1. When focusing on cognition, the thesis confuses claims about what is constitutive about the concept of cognition with claims about causal influences on cognition (the "causal-constitutional fallacy"). For example, Adams and Aizawa (2010) write, "Question: Why did the pencil think that 2 + 2 = 4?, Clark’s Answer: Because it was coupled to the mathematician."
2. It stretches the limits of our ordinary concept of cognition too far ("cognitive bloating"), potentially implying that everything on the Internet is part of individual cognitive systems.
3. It uses coarse-grained functionalism about the mind that ignores plausible differences between internal and external processes, such as differences between beliefs and external props and devices; or for creating a notion of cognition too heterogeneous to make up a scientific natural kind.

Each of these arguments is addressed in Clark (2008), in which he notes:

1. While coupling is important for cognition, that is not to say that it is sufficient – coupling must play a functional role in cognition. Many couplings do not do so and thus would not be 'extensions' (and this is consistent with a strong extended mind thesis).
2. Any putative part of a system – internal or external – is unlikely to yield "cognition" on its own. Thus, examples such as calculators, and pencils, should be considered in parallel with neural regions. Simply looking at the part is not enough for cognition.
3. One can imagine circumstances under which a biological being might retain information in non-neural ways (a hypothetical Martian with a bitmap-based memory, or humans with prosthetics to support memory). Thus, being neural cannot be a necessary condition for being cognitive.

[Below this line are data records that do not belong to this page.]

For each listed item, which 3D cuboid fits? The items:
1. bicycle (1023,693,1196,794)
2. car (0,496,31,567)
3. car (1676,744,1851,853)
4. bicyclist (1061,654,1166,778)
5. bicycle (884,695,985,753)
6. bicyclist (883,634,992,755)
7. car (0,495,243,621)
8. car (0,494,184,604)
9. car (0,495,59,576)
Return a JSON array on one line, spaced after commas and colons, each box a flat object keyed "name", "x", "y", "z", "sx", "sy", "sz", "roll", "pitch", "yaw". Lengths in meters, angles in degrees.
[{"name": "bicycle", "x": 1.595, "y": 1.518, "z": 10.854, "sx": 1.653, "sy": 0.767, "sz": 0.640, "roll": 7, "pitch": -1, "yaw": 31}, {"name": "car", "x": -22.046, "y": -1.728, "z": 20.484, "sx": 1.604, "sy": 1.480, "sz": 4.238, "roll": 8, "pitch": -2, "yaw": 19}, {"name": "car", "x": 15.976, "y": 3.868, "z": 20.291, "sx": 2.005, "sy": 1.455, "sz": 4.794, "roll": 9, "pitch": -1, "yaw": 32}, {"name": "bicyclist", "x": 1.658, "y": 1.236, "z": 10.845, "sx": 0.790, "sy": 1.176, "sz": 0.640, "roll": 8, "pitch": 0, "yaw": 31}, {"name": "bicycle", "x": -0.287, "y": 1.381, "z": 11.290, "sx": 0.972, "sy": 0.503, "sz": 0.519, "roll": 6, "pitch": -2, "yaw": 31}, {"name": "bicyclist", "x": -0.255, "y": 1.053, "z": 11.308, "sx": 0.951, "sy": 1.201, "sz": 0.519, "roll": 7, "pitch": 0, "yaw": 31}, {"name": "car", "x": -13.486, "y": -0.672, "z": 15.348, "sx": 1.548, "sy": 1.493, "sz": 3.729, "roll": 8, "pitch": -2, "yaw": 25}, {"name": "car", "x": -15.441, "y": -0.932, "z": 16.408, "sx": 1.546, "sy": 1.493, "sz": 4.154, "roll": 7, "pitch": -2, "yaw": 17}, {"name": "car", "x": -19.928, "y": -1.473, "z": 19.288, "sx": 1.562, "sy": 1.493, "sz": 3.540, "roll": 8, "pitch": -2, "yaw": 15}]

While in Supersizing the Mind Clark defends a strong version of the hypothesis of extended cognition (contrasted with a hypothesis of embedded cognition) in other work, some of these objections have inspired more moderate reformulations of the extended mind thesis. Thus, the extended mind thesis may no longer depend on the parity considerations of Clark and Chalmers' original argument but, instead, emphasize the "complementarity" of internal and external elements of cognitive systems or processes. This version might be understood as emphasizing the explanatory value of the extended mind thesis for cognitive science rather than maintaining it as an ontological claim about the nature of mind or cognition.

Vincent C. Müller argues that the extended mind "sounds like a substantive thesis, the truth of which we should investigate. But actually the thesis turns about to be just a statement on where the demarcations for the 'mental' are to be set" and that "this discussion about demarcation is merely verbal and thus to be avoided".

==Relation to embodied and enacted cognition==
As described by Mark Rowlands, mental processes are:

- Embodied involves more than the brain, including a more general involvement of bodily structures and processes.
- Embedded functioning only in a related external environment.
- Enacted involving not only neural processes but also things an organism does.
- Extended into the organism's environment.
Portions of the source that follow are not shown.